Today, the Court rejects a Fourth Amendment challenge to a sobriety checkpoint policy in which police stop all cars and inspect all drivers for signs of intoxication without any individualized suspicion that a specific driver is intoxicated. The Court does so by balancing "the State's interest in preventing drunken driving, the extent to which this system can reasonably be said to advance that interest, and the degree of intrusion upon individual motorists who are briefly stopped." Ante, at 9. For the reason stated by JUSTICE STEVENS in Parts I and II of his dissenting opinion, I agree that the Court misapplies that test by undervaluing the nature of the intrusion and exaggerating the law enforcement need to use the roadblocks to prevent drunken driving. See also United States v. Martinez-Fuerte, 428 U.S. 543, 567 (1976) (BRENNAN, J., dissenting). I write separately to express a few additional points.

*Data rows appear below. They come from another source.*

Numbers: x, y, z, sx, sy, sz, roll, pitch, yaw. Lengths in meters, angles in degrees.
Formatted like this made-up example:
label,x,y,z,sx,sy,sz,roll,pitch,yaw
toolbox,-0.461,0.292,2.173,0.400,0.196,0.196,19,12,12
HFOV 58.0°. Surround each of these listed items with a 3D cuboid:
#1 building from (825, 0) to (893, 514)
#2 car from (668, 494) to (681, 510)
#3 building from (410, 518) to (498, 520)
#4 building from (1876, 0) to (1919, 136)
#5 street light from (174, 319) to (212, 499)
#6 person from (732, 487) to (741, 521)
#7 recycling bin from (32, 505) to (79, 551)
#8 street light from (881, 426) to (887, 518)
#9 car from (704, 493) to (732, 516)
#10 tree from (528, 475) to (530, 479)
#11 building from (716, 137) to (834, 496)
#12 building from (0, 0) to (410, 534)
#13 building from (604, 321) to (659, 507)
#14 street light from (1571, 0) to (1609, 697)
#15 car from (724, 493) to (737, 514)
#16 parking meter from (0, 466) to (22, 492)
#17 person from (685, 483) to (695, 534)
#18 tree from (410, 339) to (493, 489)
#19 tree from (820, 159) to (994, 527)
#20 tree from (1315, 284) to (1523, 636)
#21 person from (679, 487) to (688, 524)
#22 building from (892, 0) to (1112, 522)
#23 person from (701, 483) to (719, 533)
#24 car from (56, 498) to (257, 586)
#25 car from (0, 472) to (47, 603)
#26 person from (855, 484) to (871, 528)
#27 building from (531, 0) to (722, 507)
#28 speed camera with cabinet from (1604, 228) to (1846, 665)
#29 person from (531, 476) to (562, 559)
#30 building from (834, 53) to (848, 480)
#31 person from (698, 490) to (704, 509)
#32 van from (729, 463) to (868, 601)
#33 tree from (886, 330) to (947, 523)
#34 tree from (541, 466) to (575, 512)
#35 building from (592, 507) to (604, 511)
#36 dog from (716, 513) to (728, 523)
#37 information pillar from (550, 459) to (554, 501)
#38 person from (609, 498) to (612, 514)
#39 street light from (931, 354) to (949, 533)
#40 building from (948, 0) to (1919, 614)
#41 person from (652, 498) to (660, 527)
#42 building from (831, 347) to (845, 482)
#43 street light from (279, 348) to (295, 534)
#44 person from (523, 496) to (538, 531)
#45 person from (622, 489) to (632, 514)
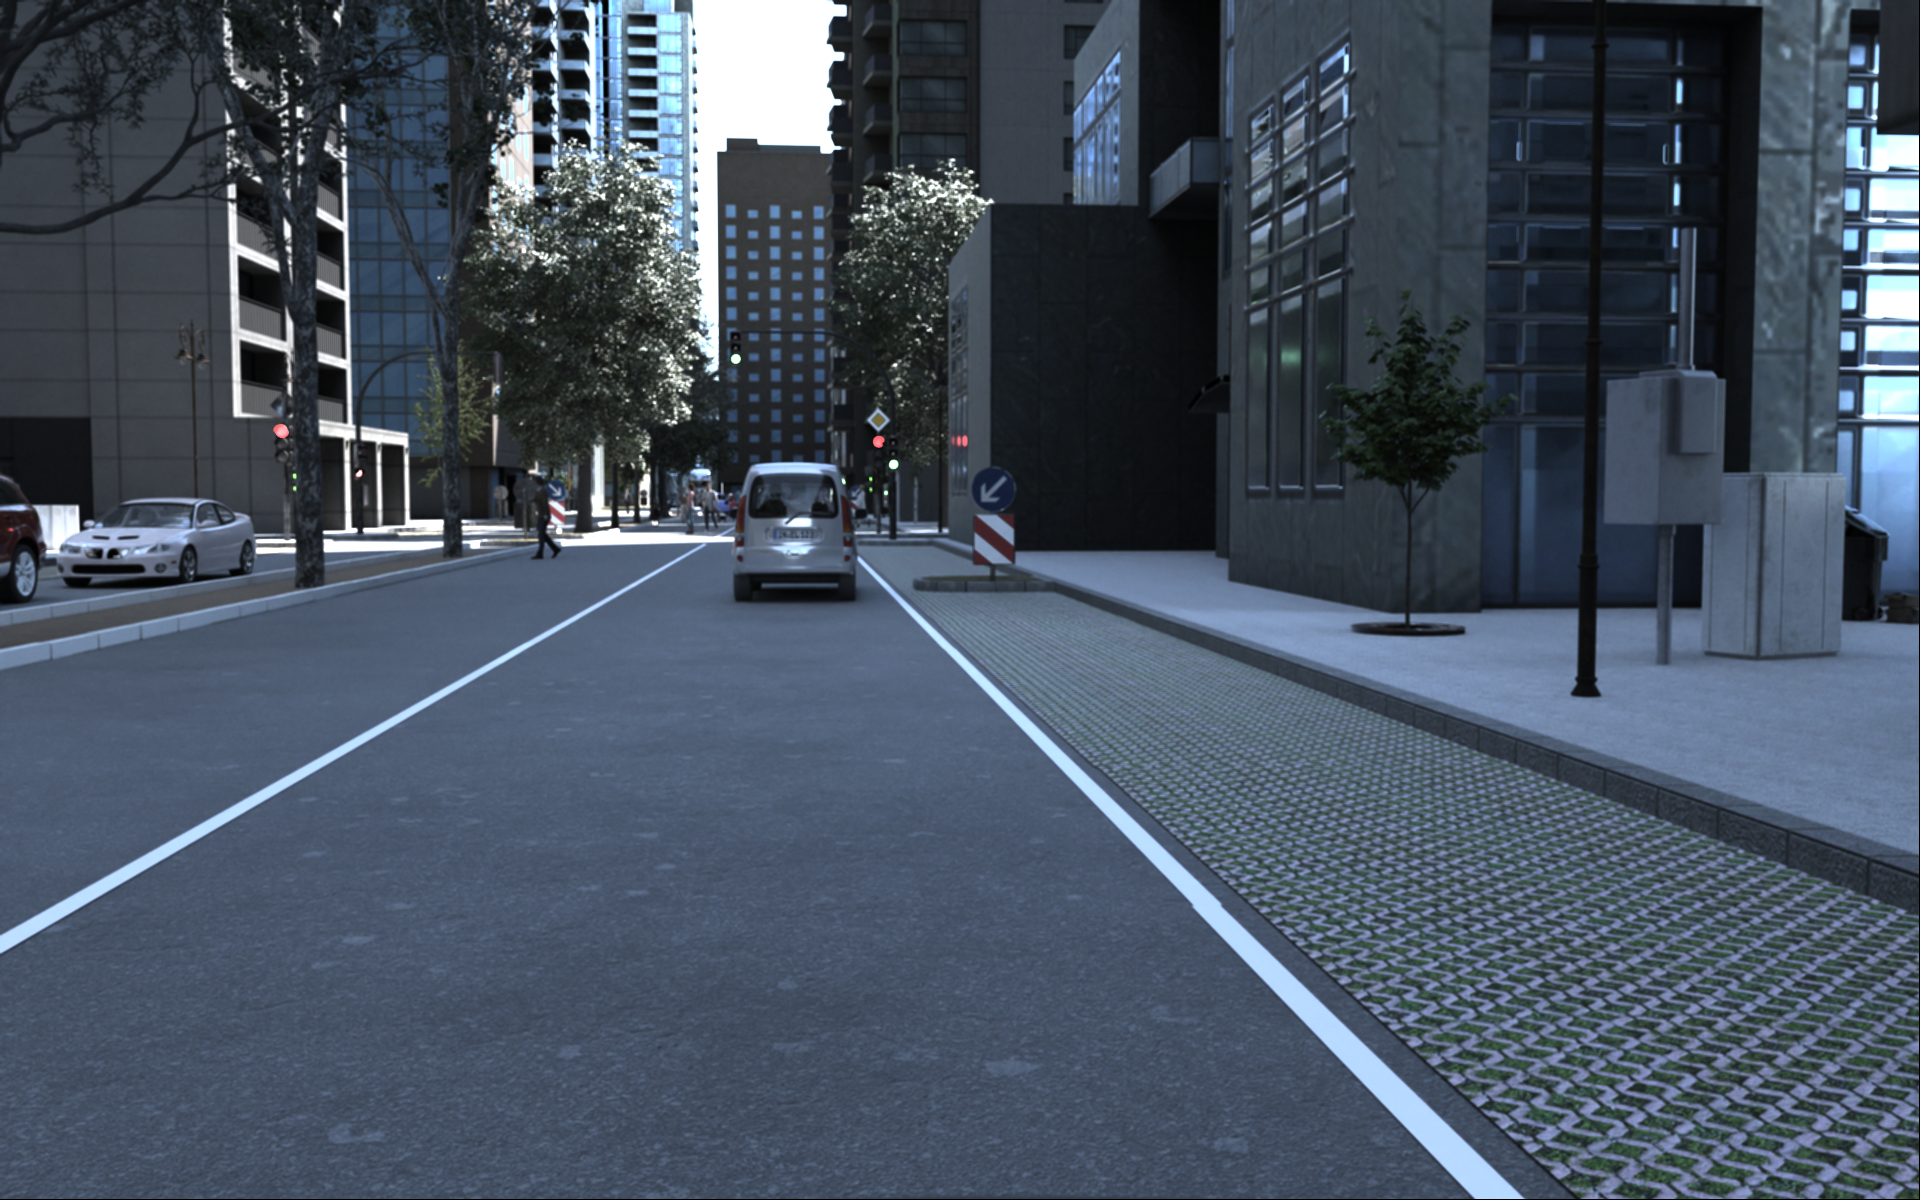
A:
label,x,y,z,sx,sy,sz,roll,pitch,yaw
building,2.142,-28.312,117.527,22.147,44.769,28.867,0,4,-5
car,-25.506,-8.914,155.523,2.009,1.686,4.222,0,4,-6
building,-30.902,-27.021,91.903,14.600,45.320,14.200,0,4,-5
building,10.708,-19.525,2.833,14.154,41.232,14.086,0,4,-5
street light,-20.258,-4.469,45.862,0.468,5.910,1.993,0,4,-5
person,-12.086,-5.239,94.025,0.748,1.841,0.638,-1,4,-16
recycling bin,-20.589,-1.644,39.427,0.722,1.027,0.722,2,4,29
street light,-4.152,-7.401,93.801,0.468,5.910,1.993,0,4,-5
car,-16.041,-6.408,114.358,1.945,1.707,3.694,0,4,-6
tree,-27.142,-9.445,104.789,4.737,8.622,4.395,0,3,0
building,-23.471,-34.915,220.974,14.200,45.320,14.600,0,4,-5
building,-32.010,-38.183,62.541,20.563,71.187,20.611,0,4,-5
building,-48.881,-21.105,190.098,28.899,21.520,27.650,0,4,-5
street light,3.983,-2.328,10.844,0.468,5.910,1.993,0,4,-5
car,-16.027,-7.061,124.483,2.155,1.783,4.494,0,4,-7
parking meter,-19.529,-1.833,35.683,0.255,1.863,0.399,0,4,1
person,-9.734,-3.300,62.458,0.388,1.821,0.555,-1,4,-12
tree,-24.467,-8.113,83.013,4.737,8.622,4.395,0,3,0
tree,-0.448,-9.770,66.394,9.857,13.997,8.962,0,3,0
tree,4.152,-1.319,16.172,1.663,3.219,1.824,0,3,0
person,-13.202,-4.519,82.942,0.519,1.759,0.362,-2,4,-28
building,3.558,-19.219,85.939,14.160,30.474,14.107,0,4,-5
person,-9.246,-3.409,64.083,0.661,1.843,0.795,1,4,15
car,-13.105,-0.988,28.508,2.083,1.381,4.827,0,4,-5
car,-13.148,-0.764,21.170,2.281,1.827,5.304,0,4,-5
person,-4.106,-3.964,73.187,0.818,1.842,0.514,-2,4,-26
building,-46.549,-55.586,221.496,31.000,86.520,22.319,0,4,-5
speed camera with cabinet,5.967,-1.170,13.459,2.038,3.252,0.660,-2,4,-26
person,-9.246,-1.839,38.484,0.656,1.842,0.836,3,5,41
building,-4.677,-31.901,171.684,14.600,45.320,14.200,0,4,-5
person,-24.368,-9.504,163.893,1.348,1.823,0.705,3,5,41
van,-2.311,-1.078,24.633,2.013,2.044,4.112,0,4,-4
tree,-1.720,-7.657,75.559,4.737,8.622,4.395,0,3,0
tree,-28.637,-7.913,123.975,1.663,3.219,1.824,0,3,0
building,-40.727,-50.736,142.209,22.319,86.520,31.000,0,4,-5
dog,-11.599,-3.984,84.421,0.406,0.507,0.540,1,4,19
information pillar,-25.832,-7.233,109.617,0.183,3.616,0.504,0,4,7
person,-23.361,-6.268,115.988,0.505,1.210,0.382,3,5,43
street light,-0.652,-5.169,57.306,0.468,5.910,1.993,0,4,-5
building,12.265,-44.009,32.225,22.319,86.520,31.000,0,4,-5
person,-13.279,-3.825,75.706,0.362,1.253,0.373,1,4,13
building,-0.316,-21.373,194.493,27.650,21.520,28.899,0,4,-5
street light,-21.158,-5.031,55.045,0.468,5.910,1.993,0,4,-5
person,-16.595,-3.587,67.108,0.822,1.834,0.622,-3,5,-42
person,-23.551,-6.945,122.455,0.661,1.777,0.834,1,4,13

The majority opinion creates the impression that the Court generally engages in a balancing test in order to determine the constitutionality of all seizures, or at least those "dealing with police stops of motorists on public highways." Ante, at 4. This is not the case. In most cases, the police must possess probable cause for a seizure to be judged reasonable. See Dunaway v. New York 442 U.S. 200, 209 (1979). Only when a seizure is "substantially less intrusive" id., at 210, than a typical arrest is the general rule replaced by a balancing test. I agree with the Court that the initial stop of a car at a roadblock under the Michigan State Police sobriety checkpoint policy is sufficiently less intrusive than an arrest so that the reasonableness of the seizure may be judged, not by the presence of probable cause, but by balancing "the gravity of the public concerns served by the seizure, the degree to which the seizure advances the public interest, and the severity of the interference with the individual liberty." Brown v. Texas 443 U.S. 47, 51 (1979). But one searches the majority opinion in vain for any acknowledgment that the reason for employing the balancing test is that the seizure is minimally intrusive.
Notes
1. The dissenters accuse the majority of introducing a balancing test as the basis to decide whether police conduct fails to meet the dictates of the Fourth Amendment. The text of the Fourteenth Amendment is silent concerning balancing the need for searches against the rights of the people to be free of unreasonable searches and seizures. In Skinner v. Railway Labor Executives' Association, 489 U.S. 602 (1989), supra, the Court used a balancing test to determine whether drug tests without probable cause violated the Fourth Amendment.
2. Note that the Michigan plan contemplated stopping all drivers. Such a procedure avoids the vice condemned in Delaware v. Prouse, 440 U.S. 648 (1978), where a police officer randomly singled out motorists for no discernible reason for a driver's license check. The officer possessed neither probable cause nor reasonable suspicion to believe that Mr. Prouse or his automobile offended the law. The Court invalidated the conviction of Mr. Prouse on drug related charges due to the illegal stop and search.